5 Popular Twitter Habits That Make You Look Like a Spammer

Twitter is an amazing networking tool, and an impressive source of traffic if used correctly. There are hundreds of ways to build your influence on Twitter, find new friends and business contacts, and contribute positively to the social world.

It’s also incredibly easy to look like a spammer.

I’ve compiled a list here of all of the “conventional wisdom” that “social media gurus” and “marketing experts” have offered that drench your Twitter account in the stink of spam.

Direct Message Autoresponders

If I follow you, it’s not because I’m hoping you’ll send me your free eBook. The generic “Hey, thanks for following!” DM is a good idea, but it completely loses its authenticity when it’s automated.

Automation is the first sign that you’re doing social media wrong, and direct message autoresponders are the premier offenders. If you must send a new follower a direct message, do so after a short period of time, and personalize it to the follower. Remember, social media is about being a person, not a marketing machine.

Auto Follow-Back

I know you want more followers. We all do. But blindly following everyone that follows you isn’t the way to get good ones. It seems like every other social media tool allows you to auto-follow everyone that follows you, but this does little more than open you up to phishing scams, spam followers, and an unmanageable Twitter feed.

If I’m looking for some new SEO tweeps to follow and your follower to following ratio is 1:1 or close to it, I’m probably not going to follow you.

Hashtag Abuse

There are legitimate uses for hashtags, but adding multiple generic tags to the end of your tweet is not one of them. Hashtags are a way of organizing tweets around a single topic. The best example of this is a chat, like #seochat, #socialchat, #smochat and so on. These are coordinated, curated chats that happen on a predictable basis. Hashtags make it easy to converse and keep track of all the contributions to the chat.
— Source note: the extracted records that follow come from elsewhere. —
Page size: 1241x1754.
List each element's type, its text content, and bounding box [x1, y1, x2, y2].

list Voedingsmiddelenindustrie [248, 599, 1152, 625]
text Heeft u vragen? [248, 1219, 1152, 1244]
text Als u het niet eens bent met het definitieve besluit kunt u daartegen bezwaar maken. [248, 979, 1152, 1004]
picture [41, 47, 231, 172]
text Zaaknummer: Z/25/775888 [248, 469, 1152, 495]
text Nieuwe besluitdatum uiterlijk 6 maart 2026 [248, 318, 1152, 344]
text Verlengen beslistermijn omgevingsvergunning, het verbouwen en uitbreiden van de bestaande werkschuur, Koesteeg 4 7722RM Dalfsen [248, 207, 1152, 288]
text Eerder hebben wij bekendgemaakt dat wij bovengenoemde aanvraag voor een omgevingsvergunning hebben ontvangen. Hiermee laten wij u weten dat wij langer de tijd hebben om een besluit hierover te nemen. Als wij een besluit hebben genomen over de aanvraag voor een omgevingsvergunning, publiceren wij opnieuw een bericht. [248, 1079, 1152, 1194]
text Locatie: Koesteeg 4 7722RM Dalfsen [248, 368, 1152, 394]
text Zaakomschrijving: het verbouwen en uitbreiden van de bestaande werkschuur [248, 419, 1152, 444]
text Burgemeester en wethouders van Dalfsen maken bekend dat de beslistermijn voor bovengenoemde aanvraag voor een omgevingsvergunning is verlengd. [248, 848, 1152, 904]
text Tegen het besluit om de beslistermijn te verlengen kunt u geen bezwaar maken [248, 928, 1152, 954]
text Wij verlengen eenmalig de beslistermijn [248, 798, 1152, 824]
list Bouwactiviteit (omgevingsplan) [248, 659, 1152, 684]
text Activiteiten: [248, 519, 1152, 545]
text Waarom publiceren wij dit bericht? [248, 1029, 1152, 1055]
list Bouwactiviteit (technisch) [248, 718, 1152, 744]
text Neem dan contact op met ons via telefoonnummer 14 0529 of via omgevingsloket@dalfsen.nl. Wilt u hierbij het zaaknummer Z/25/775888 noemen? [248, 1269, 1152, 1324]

On the flipside, you’ve got tweets that look like this:

GREAT READ! >>> bit.ly/)N*(Y^@78 #seo #social #searchengineoptimization #laseo #nyseo #search

If your tweets look like this, I’m unfollowing you. I can guarantee that nobody in those industries are actively monitoring those hashtags. At best, you get more follower-hungry tweeps that follow you just so you’ll follow back. At worst, you lose legitimate followers

Tweeting Inspirational Quotes

If your feed is purely composed of “inspirational” quotes, I’m unfollowing you.
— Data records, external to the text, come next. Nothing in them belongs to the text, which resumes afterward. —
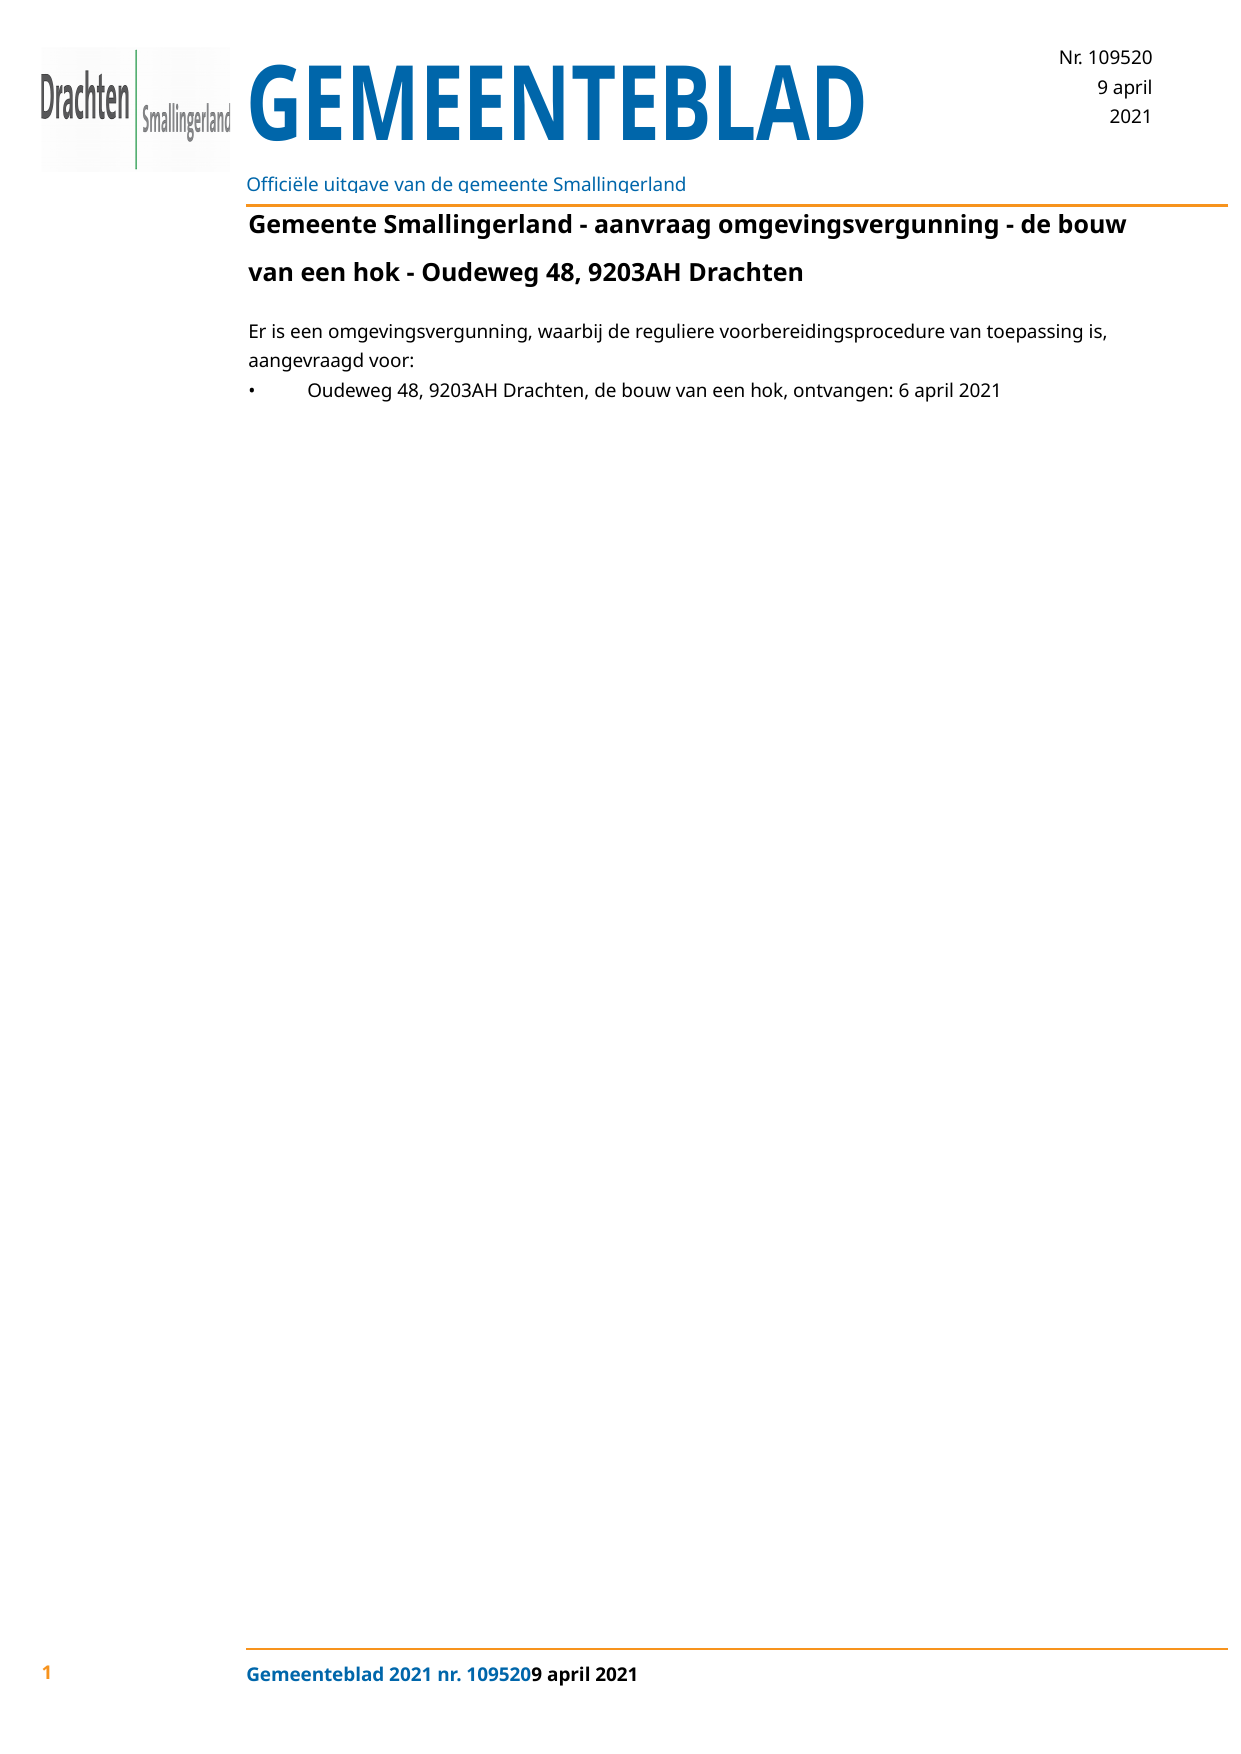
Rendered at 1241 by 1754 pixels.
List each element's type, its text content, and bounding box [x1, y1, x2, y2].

picture [41, 47, 231, 172]
text Er is een omgevingsvergunning, waarbij de reguliere voorbereidingsprocedure van toepassing is, aangevraagd voor: [248, 318, 1152, 373]
text Gemeente Smallingerland - aanvraag omgevingsvergunning - de bouw van een hok - Oudeweg 48, 9203AH Drachten [248, 207, 1152, 288]
list Oudeweg 48, 9203AH Drachten, de bouw van een hok, ontvangen: 6 april 2021 [248, 377, 1152, 403]

Inspirational quotes are stomachable in moderation, but if that’s all your feed is, you look like a spammer. This is a common feature for “filler” tweets, especially in social media posting services (a la Buffer), which has undoubtedly contributed to the quotespam proliferation. Again, a sin of automation.

Bulk Tweets

If you drop a 10-tweet bomb on me, it doesn’t increase the likelihood that I’ll notice you and click one of your links. It increases the likelihood that I completely ignore your tweets or unfollow you.
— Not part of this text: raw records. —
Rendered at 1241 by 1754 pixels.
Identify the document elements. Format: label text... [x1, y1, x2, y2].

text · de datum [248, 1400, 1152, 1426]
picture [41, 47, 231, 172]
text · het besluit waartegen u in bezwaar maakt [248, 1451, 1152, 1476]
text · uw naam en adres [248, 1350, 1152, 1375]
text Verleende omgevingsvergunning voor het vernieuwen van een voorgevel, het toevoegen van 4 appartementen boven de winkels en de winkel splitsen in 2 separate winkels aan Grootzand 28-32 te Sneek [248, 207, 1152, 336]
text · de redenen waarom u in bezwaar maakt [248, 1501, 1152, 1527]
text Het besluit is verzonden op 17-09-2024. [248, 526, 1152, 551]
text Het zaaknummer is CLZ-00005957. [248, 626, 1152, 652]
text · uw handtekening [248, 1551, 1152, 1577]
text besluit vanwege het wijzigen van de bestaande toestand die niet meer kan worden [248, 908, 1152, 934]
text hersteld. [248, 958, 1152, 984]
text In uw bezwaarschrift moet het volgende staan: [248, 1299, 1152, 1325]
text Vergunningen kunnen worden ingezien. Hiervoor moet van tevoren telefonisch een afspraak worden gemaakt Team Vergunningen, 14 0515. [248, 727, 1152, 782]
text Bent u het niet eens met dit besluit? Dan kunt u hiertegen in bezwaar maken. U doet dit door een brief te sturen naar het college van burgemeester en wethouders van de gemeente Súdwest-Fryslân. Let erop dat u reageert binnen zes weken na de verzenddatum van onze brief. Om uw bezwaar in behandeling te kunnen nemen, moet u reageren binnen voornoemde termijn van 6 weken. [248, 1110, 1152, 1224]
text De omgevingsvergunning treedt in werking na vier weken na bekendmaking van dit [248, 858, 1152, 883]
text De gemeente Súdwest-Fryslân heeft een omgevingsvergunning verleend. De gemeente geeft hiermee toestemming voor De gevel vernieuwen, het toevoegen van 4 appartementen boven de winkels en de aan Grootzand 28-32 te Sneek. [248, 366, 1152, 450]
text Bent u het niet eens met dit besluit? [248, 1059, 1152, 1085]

I don’t even know where this comes from. I can understand an unusually high concentration of tweets in the morning when you’re reading your bloglist, but 5+ tweets at exactly the same time? Someone enlighten me, because this is one of the most irritating Twitter habits I’ve ever seen.

If you are committing any of these heinous sins, fear not; the time for repentance is not past. Are there any other popular habits you can think of that make people look like spammers? Talk to me in the comments.